Vous pouvez vous engager avec un système qui peut vraiment comprendre les concepts et le langage à un niveau beaucoup plus élevé, dit Schroepfer. Il imagine pouvoir vous demander de voir les clichés de bébé d'un ami mais pas ses blagues, par exemple. Je pense qu'à court terme, une version de cela est très réalisable, dit-il. Au fur et à mesure que les systèmes de LeCun atteignent de meilleures capacités de raisonnement et de planification, il s'attend à ce que la conversation devienne moins unilatérale. Facebook peut proposer des informations qu'il pense que vous aimeriez et vous demander ce que vous en pensez.
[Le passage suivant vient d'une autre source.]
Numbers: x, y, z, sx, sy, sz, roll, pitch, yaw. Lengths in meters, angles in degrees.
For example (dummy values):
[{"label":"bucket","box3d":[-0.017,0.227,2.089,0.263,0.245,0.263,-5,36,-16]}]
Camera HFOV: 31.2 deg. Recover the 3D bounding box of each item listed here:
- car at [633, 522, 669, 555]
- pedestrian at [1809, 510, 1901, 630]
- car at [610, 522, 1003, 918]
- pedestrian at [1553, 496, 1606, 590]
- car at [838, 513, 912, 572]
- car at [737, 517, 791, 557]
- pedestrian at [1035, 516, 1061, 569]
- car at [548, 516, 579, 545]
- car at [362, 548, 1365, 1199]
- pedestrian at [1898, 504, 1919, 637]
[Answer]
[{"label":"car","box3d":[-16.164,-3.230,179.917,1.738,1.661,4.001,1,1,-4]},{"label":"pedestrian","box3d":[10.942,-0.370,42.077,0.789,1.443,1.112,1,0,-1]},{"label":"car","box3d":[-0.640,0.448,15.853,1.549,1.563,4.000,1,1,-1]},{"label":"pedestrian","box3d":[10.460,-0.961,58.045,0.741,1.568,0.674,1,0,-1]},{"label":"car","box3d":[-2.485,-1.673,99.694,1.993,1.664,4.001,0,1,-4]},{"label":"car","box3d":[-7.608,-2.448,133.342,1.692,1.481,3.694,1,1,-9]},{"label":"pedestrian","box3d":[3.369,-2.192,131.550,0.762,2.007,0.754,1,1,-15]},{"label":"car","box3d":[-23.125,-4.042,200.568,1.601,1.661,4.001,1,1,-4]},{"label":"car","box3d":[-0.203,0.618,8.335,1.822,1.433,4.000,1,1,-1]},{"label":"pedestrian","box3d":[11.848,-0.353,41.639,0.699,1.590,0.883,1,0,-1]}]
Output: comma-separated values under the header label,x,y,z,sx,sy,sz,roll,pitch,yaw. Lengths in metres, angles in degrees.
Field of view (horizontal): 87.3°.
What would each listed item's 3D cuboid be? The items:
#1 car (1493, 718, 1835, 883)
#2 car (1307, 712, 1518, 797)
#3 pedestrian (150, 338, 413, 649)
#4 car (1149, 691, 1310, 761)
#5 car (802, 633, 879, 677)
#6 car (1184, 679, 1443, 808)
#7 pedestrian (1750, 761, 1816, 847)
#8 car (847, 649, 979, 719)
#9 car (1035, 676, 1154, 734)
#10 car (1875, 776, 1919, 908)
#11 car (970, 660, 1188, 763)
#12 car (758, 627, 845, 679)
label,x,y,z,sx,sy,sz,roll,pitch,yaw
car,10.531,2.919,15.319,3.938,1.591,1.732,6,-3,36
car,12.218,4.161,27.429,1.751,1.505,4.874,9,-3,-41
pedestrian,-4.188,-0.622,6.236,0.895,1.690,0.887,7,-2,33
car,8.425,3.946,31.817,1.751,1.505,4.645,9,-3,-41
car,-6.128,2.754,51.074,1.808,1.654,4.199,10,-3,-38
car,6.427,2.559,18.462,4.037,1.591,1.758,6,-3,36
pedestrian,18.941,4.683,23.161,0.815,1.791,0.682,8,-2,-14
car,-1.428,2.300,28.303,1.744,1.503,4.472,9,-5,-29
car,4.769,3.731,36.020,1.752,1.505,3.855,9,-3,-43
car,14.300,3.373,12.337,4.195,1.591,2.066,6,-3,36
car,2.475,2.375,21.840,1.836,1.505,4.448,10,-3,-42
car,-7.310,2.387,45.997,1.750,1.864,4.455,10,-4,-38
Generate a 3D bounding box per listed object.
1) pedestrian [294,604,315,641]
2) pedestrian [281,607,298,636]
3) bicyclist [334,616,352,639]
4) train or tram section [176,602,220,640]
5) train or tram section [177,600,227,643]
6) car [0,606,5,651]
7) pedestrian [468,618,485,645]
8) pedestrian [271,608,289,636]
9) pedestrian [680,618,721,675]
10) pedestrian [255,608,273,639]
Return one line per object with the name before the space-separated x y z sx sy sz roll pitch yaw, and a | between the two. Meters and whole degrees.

En fin de compte, c'est comme cet assistant super intelligent qui est connecté à tous les flux d'informations dans le monde, explique Schroepfer.
On ne sait pas dans quelle mesure nous bénéficierions d'assistants virtuels plus intelligents, mais nous n'aurons peut-être pas à attendre longtemps pour le savoir.
Les algorithmes nécessaires pour alimenter de telles interactions amélioreraient également les systèmes que Facebook utilise pour filtrer les publications et les publicités que nous voyons. Et ils pourraient être vitaux pour les ambitions de Facebook de devenir bien plus qu'un simple lieu de socialisation. Alors que Facebook commence à héberger des articles et des vidéos pour le compte d'entreprises de médias et de divertissement, par exemple, il faudra de meilleures façons pour les gens de gérer les informations. Les assistants virtuels et autres retombées du travail de LeCun pourraient également aider les départs plus ambitieux de Facebook par rapport à son activité d'origine, comme le groupe Oculus travaillant à faire de la réalité virtuelle une technologie de marché de masse.
Rien de tout cela ne se produira si les récents résultats impressionnants rencontrent le sort des grandes idées précédentes en matière d'intelligence artificielle. L'excitation suscitée par les réseaux de neurones s'est déjà estompée deux fois. Mais tout en se plaignant que d'autres entreprises ou chercheurs exagèrent leur travail, c'est l'un des arguments de LeCun. passe-temps favoris , il dit qu'il y a suffisamment de preuves circonstancielles pour soutenir fermement ses propres prédictions selon lesquelles l'apprentissage en profondeur produira des gains impressionnants. La technologie offre toujours plus de précision et de puissance dans tous les domaines de l'IA où elle a été appliquée, dit-il. De nouvelles idées sont nécessaires sur la façon de l'appliquer au traitement du langage, mais le domaine encore restreint se développe rapidement à mesure que les entreprises et les universités y consacrent plus de personnel. Cela accélérera les progrès, dit LeCun.
Il n'est toujours pas clair que l'apprentissage en profondeur puisse fournir quelque chose comme le majordome d'informations que Facebook envisage. Et même si c'est possible, il est difficile de dire à quel point le monde en bénéficierait vraiment. Mais nous n'aurons peut-être pas à attendre longtemps pour le savoir. LeCun devine que des assistants virtuels avec une maîtrise du langage sans précédent pour les logiciels seront disponibles dans seulement deux à cinq ans. Il s'attend à ce que quiconque doute de la capacité de l'apprentissage en profondeur à maîtriser le langage se trompe encore plus tôt. Il y a le même phénomène que nous observions juste avant 2012, dit-il. Les choses commencent à fonctionner, mais les gens qui font des techniques plus classiques ne sont pas convaincus. Dans un an ou deux ce sera la fin.